====== EXERCISE DATA

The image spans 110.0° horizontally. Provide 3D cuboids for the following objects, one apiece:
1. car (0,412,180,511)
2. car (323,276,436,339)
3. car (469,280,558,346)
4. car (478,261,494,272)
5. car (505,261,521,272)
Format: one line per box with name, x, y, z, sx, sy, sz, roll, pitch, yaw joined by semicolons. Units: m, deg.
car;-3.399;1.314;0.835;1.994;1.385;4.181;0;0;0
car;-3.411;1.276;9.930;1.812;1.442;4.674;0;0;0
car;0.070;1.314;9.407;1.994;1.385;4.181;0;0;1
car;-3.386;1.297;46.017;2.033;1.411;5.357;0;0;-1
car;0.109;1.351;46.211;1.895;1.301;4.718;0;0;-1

============
====== EXERCISE DATA

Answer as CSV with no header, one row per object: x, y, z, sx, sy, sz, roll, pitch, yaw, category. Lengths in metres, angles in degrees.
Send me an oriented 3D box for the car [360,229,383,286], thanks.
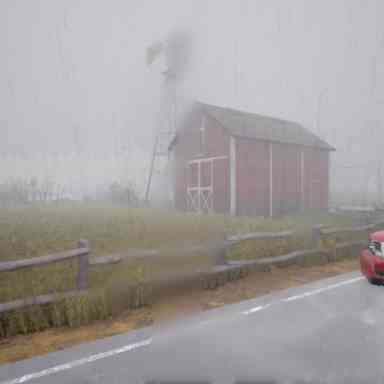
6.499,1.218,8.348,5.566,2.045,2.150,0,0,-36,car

============

Take the lines above from the one containing "The image spans" to the one containing "5. car (505,261,521,272)" and retype them exactly, both ends included, with nothing added.

The image spans 110.0° horizontally. Provide 3D cuboids for the following objects, one apiece:
1. car (0,412,180,511)
2. car (323,276,436,339)
3. car (469,280,558,346)
4. car (478,261,494,272)
5. car (505,261,521,272)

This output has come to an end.